Here’s the simple security step that most developers aren’t thinking about. Machines talk to other machines, whether they are servers, laptops, applications or mobile devices. Those communications must be secure. Encryption gives users the assurance that their machine is communicating with the machine it should be talking to and that those communications are secure from eavesdropping. Keys and certificates are the tools that the machine uses to validate the machine identities on both sides of the communications.
Here’s where it gets nasty. If you allow your machine’s identity to become compromised, you run the risk of a stranger taking control of your machine, impersonating you and doing things you probably don’t want them to be doing. Much of the mobile app world (and others) just don’t seem to realize the impact of loosely controlled machine identities. That was certainly the case with the majority of stock trading apps investigated by IOActive.
IOActive researcher Alejandro Hernández looked at 21 leading stock trading apps and found that 68% of Android and iOS apps failed to validate SSL certificates. What does this mean and why is it serious? Naked Security breaks it down, “When you engage in a secure connection using HTTPS you’re given a public key by the system you’re connecting to and that key is signed by a digital certificate that identifies them. Anyone can create a certificate but unless the details in it have been vouched for by a CA (Certificate Authority) it’s deemed untrustworthy.” What’s the impact? “If apps don’t bother to check if a CA has vouched for a certificate then all bets are off. Any certificate could be presented, by anybody, without setting off any alarms.”

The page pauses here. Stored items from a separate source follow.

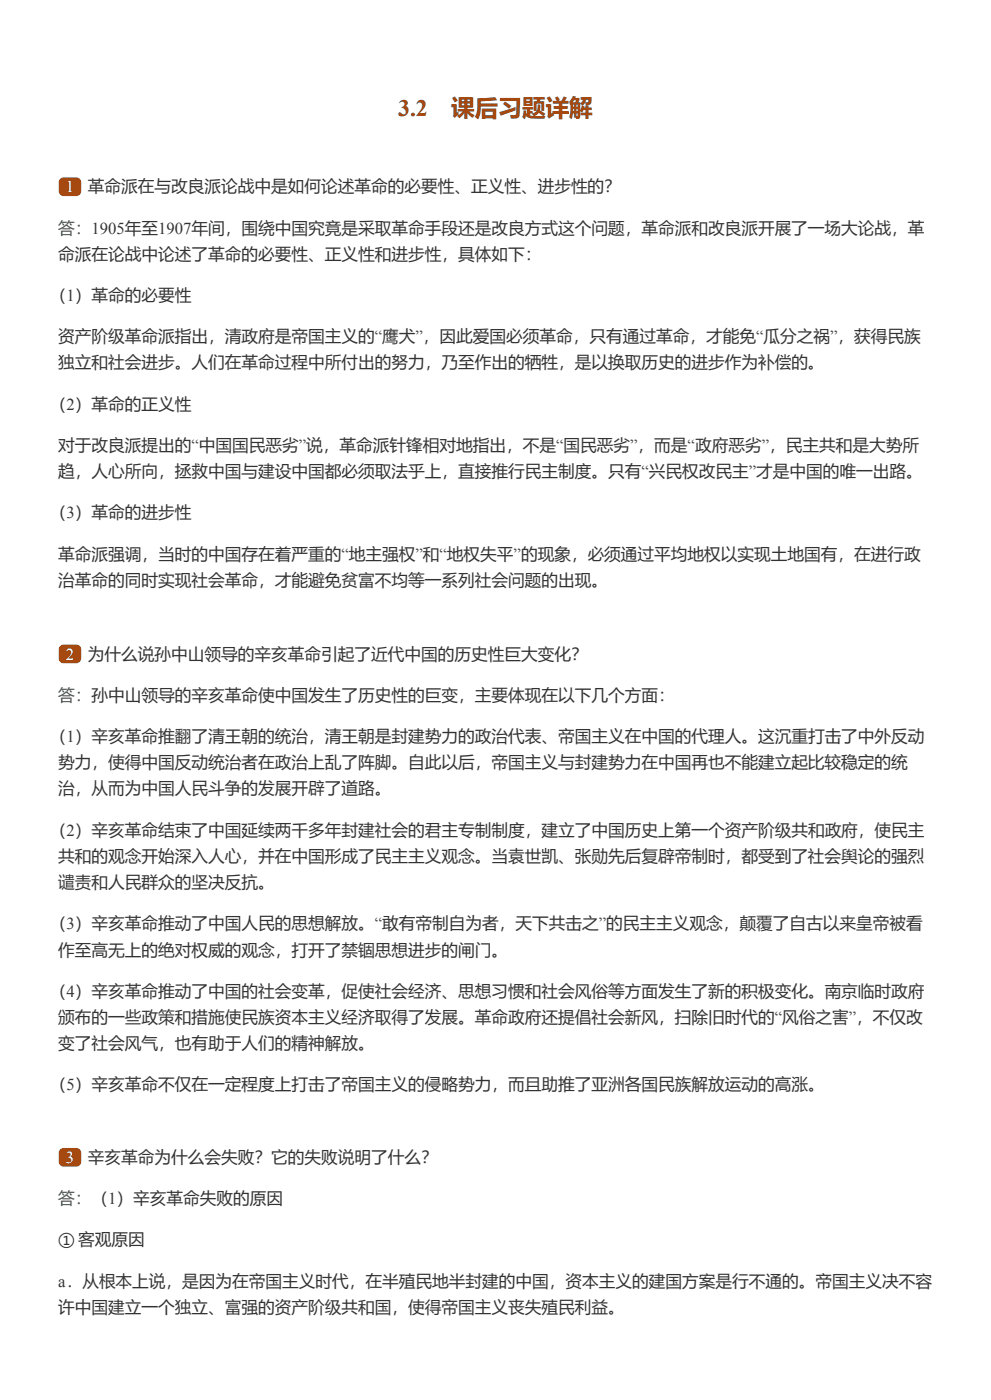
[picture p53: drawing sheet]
<svg xmlns="http://www.w3.org/2000/svg" width="210mm" height="297mm" viewBox="0 0 210 297" stroke-linecap="round" stroke-linejoin="round" font-family="sans-serif">
<defs><g id="words">
<g font-size="5" fill="#712d0e">
<text x="84.3" y="24.6">3.2</text>
<text x="95.6" y="24.6">课后习题详解</text>
</g>
<g font-size="3.5" fill="#fff">
<text x="13.9" y="40.8">1</text>
<text x="13.9" y="139.8">2</text>
<text x="13.9" y="246.4">3</text>
</g>
<g font-size="3.5" fill="#333">
<text x="18.6" y="40.8">革命派在与改良派论战中是如何论述革命的必要性、正义性、进步性的？</text>
<text x="12.3" y="55.1">命派在论战中论述了革命的必要性、正义性和进步性，具体如下：</text>
<text x="10.6" y="63.8">（1）革命的必要性</text>
<text x="12.3" y="72.5">资产阶级革命派指出，清政府是帝国主义的“鹰犬”，因此爱国必须革命，只有通过革命，才能免“瓜分之祸”，获得民族</text>
<text x="12.3" y="78.1">独立和社会进步。人们在革命过程中所付出的努力，乃至作出的牺牲，是以换取历史的进步作为补偿的。</text>
<text x="10.6" y="86.8">（2）革命的正义性</text>
<text x="12.3" y="95.6">对于改良派提出的“中国国民恶劣”说，革命派针锋相对地指出，不是“国民恶劣”，而是“政府恶劣”，民主共和是大势所</text>
<text x="12.3" y="101.1">趋，人心所向，拯救中国与建设中国都必须取法乎上，直接推行民主制度。只有“兴民权改民主”才是中国的唯一出路。</text>
<text x="10.6" y="109.8">（3）革命的进步性</text>
<text x="12.3" y="118.6">革命派强调，当时的中国存在着严重的“地主强权”和“地权失平”的现象，必须通过平均地权以实现土地国有，在进行政</text>
<text x="12.3" y="124.1">治革命的同时实现社会革命，才能避免贫富不均等一系列社会问题的出现。</text>
<text x="18.6" y="139.8">为什么说孙中山领导的辛亥革命引起了近代中国的历史性巨大变化？</text>
<text x="10.6" y="157.2">（1）辛亥革命推翻了清王朝的统治，清王朝是封建势力的政治代表、帝国主义在中国的代理人。这沉重打击了中外反动</text>
<text x="12.3" y="162.8">势力，使得中国反动统治者在政治上乱了阵脚。自此以后，帝国主义与封建势力在中国再也不能建立起比较稳定的统</text>
<text x="12.3" y="168.3">治，从而为中国人民斗争的发展开辟了道路。</text>
<text x="10.6" y="177.1">（2）辛亥革命结束了中国延续两千多年封建社会的君主专制制度，建立了中国历史上第一个资产阶级共和政府，使民主</text>
<text x="12.3" y="182.6">共和的观念开始深入人心，并在中国形成了民主主义观念。当袁世凯、张勋先后复辟帝制时，都受到了社会舆论的强烈</text>
<text x="12.3" y="188.2">谴责和人民群众的坚决反抗。</text>
<text x="10.6" y="196.9">（3）辛亥革命推动了中国人民的思想解放。“敢有帝制自为者，天下共击之”的民主主义观念，颠覆了自古以来皇帝被看</text>
<text x="12.3" y="202.5">作至高无上的绝对权威的观念，打开了禁锢思想进步的闸门。</text>
<text x="10.6" y="211.2">（4）辛亥革命推动了中国的社会变革，促使社会经济、思想习惯和社会风俗等方面发生了新的积极变化。南京临时政府</text>
<text x="12.3" y="216.8">颁布的一些政策和措施使民族资本主义经济取得了发展。革命政府还提倡社会新风，扫除旧时代的“风俗之害”，不仅改</text>
<text x="12.3" y="222.3">变了社会风气，也有助于人们的精神解放。</text>
<text x="10.6" y="231.1">（5）辛亥革命不仅在一定程度上打击了帝国主义的侵略势力，而且助推了亚洲各国民族解放运动的高涨。</text>
<text x="18.6" y="246.4">辛亥革命为什么会失败？它的失败说明了什么？</text>
<text x="12.3" y="263.9">① 客观原因</text>
<text x="12.3" y="272.6">a．从根本上说，是因为在帝国主义时代，在半殖民地半封建的中国，资本主义的建国方案是行不通的。帝国主义决不容</text>
<text x="12.3" y="278.2">许中国建立一个独立、富强的资产阶级共和国，使得帝国主义丧失殖民利益。</text>
</g>
<g font-size="3.5" fill="#007874">
<text x="12.3" y="49.5">答：1905年至1907年间，围绕中国究竟是采取革命手段还是改良方式这个问题，革命派和改良派开展了一场大论战，革</text>
<text x="12.3" y="148.5">答：孙中山领导的辛亥革命使中国发生了历史性的巨变，主要体现在以下几个方面：</text>
<text x="12.3" y="255.2">答：（1）辛亥革命失败的原因</text>
</g>
</g></defs>
<g fill="#e60">
<path d="M12.7 37.9l.8-.3h2.6a1.06 1.06 0 0 1 1.1 1v1.9a1.06 1.06 0 0 1-1.1 1.1h-2.6a1.06 1.06 0 0 1-1.1-1.1l.1-2.1z"/>
<path d="M12.7 136.9l.8-.3h2.6a1.06 1.06 0 0 1 1.1 1v1.9a1.06 1.06 0 0 1-1.1 1.1h-2.6a1.06 1.06 0 0 1-1.1-1.1l.1-2.1z"/>
<path d="M12.7 243.6l.8-.3h2.6a1.06 1.06 0 0 1 1.1 1v1.9a1.06 1.06 0 0 1-1.1 1h-2.6a1.06 1.06 0 0 1-1.1-1l.1-2.1z"/>
</g>
<use href="#words"/>
</svg>

Granted, it is a bit surprising that certificate security could be so lax for apps that have so much potential financial impact. But it becomes downright alarming when you remember that this is not our first time down this road. The industry should have learned its lesson when banking apps faced similar problems with online banking security in 2013. At that time, IOActive found that 40% of iOS banking apps accepted TLS certificates without validating them. (Even two years later IOActive discovered that 12.5% of banking apps still did not validate certificates.)
If an app does not properly validate a certificate, it opens the door to security risks such as man-in-the middle attacks and increases the likelihood of users accessing phishing sites.
It appears that we have hit snooze one too many times on the certificate security wake up call. It’s past time that we realized the importance of protecting machine identities, especially for apps that support the financial industry. One way to improve that awareness is to build certificate management into the development process. DevOps automation is one tactic that will help ensure that proper certificate security measures are not overlooked.
How secure are the apps that your enterprise relies on? Can you track and validate mobile certificates?